London trio Is Tropical suffer from what might be called ‘OK Go Syndrome’, whereby a musical act’s video content attracts exponentially more praise than the same act’s audio content. The video in question soundtracked Is Tropical’s 2011 single The Greeks and it is, in fairness, one of the greatest music videos of all time. Directed by innovative French outfit Megaforce, it featured gun-toting children and combined animation and live action like a demonic version of Who Framed Roger Rabbit? To date, it’s received over 3.5 million YouTube views.
While it would be a bit unfair to dismiss completely the importance of The Greeks (the track) to the appeal of The Greeks (the video), it’s fair to say that the song’s rollicking-yet-unmemorable nu-rave racket wouldn’t have gained much, if any, traction without that video.

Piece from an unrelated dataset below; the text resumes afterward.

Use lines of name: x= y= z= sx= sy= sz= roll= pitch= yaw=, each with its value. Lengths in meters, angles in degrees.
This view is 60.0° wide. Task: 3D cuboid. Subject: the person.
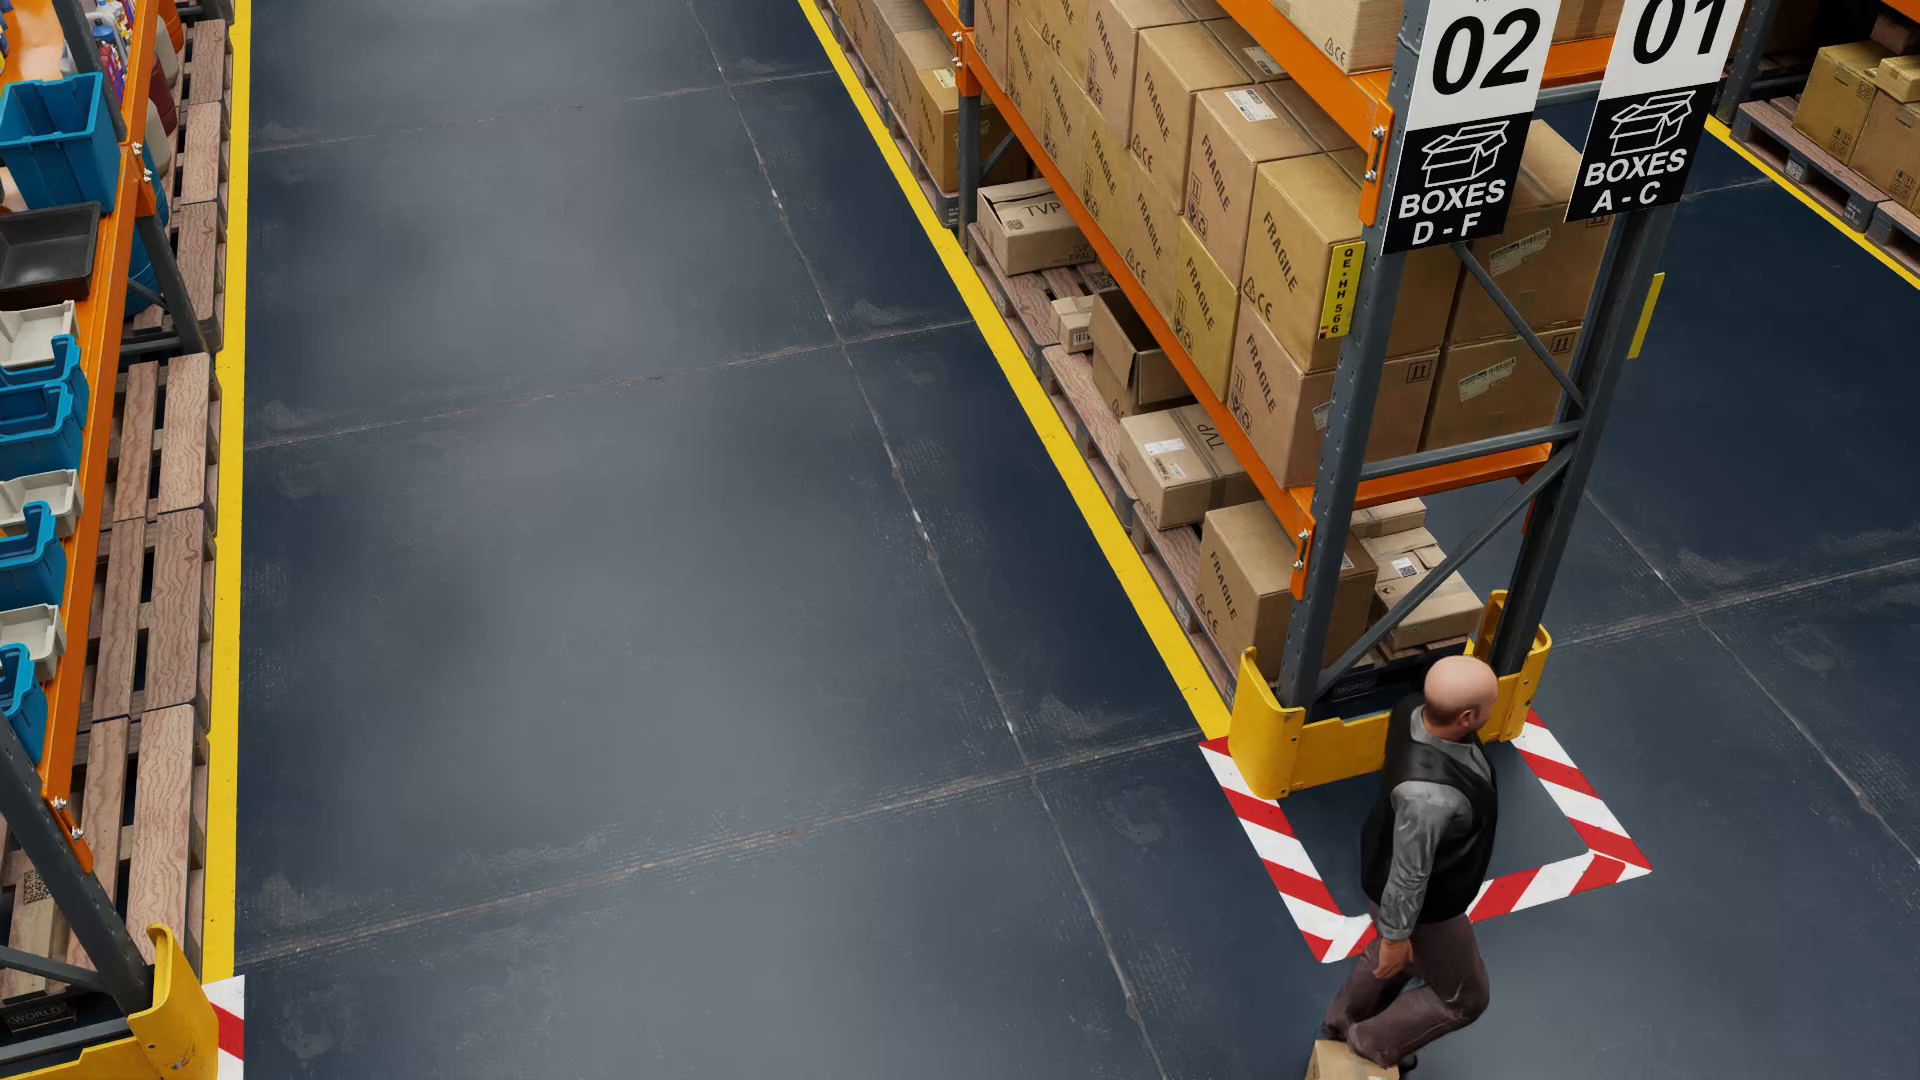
person: x=1.423 y=1.046 z=5.012 sx=0.458 sy=1.733 sz=0.609 roll=9 pitch=43 yaw=10

Accordingly, Dancing Anymore, the lead single from Is Tropical’s second album I’m Leaving, comes accompanied by another Megaforce-directed effort. It’s another eye-catching – though distinctly more NSFW – affair, featuring as it does a teenage boy enacting a series of sex acts with a variety of computer-animated women.
On this occasion, however, Is Tropical’s music seems ill-served – undermined, even – by the video. That’s because Dancing Anymore (the video)’s multiple images of virtual shagging detract from what is a slinky, catchy little number: perhaps Is Tropical’s best composition yet. Featuring cooing female vocals alongside those of regular singer Simon Milner, it’s much less frenetic than the bulk of the material on debut album Native To.
It’s also one of the few tracks on I’m Leaving that doesn’t rely on standard guitar-bass-drums arrangements. Much of the album is really just common-and-garden indie rock studded with electronic embellishments.
Featuring atypically earnest lyrics and a plangent melody alongside some pleasingly wonky axe-work, opener Lover’s Care recalls New Order circa Movement. Lilith trades the Bernard Sumner-isms for some shoegaze-y ambience, fey vocals and even feyer lyrics (“Lilith, don’t give up on living”). Sun Sun and Cry are lighter still, the former evoking the sounds of Britpop and the latter the sounds of, er, Razorlight.
The subtle electronica of Video and the presence of an R&B-indebted slow jam (All Night) show that Is Tropical haven’t entirely take their eyes off the dancefloor. But, on the whole, I’m Leaving is an indie-rock album skewed heavily towards ‘indie’. At its most nondescript, it’s the sound of a band falling between two musical stools. At its best, I’m Leaving is the sound of a band smartly prolonging its sell-by date.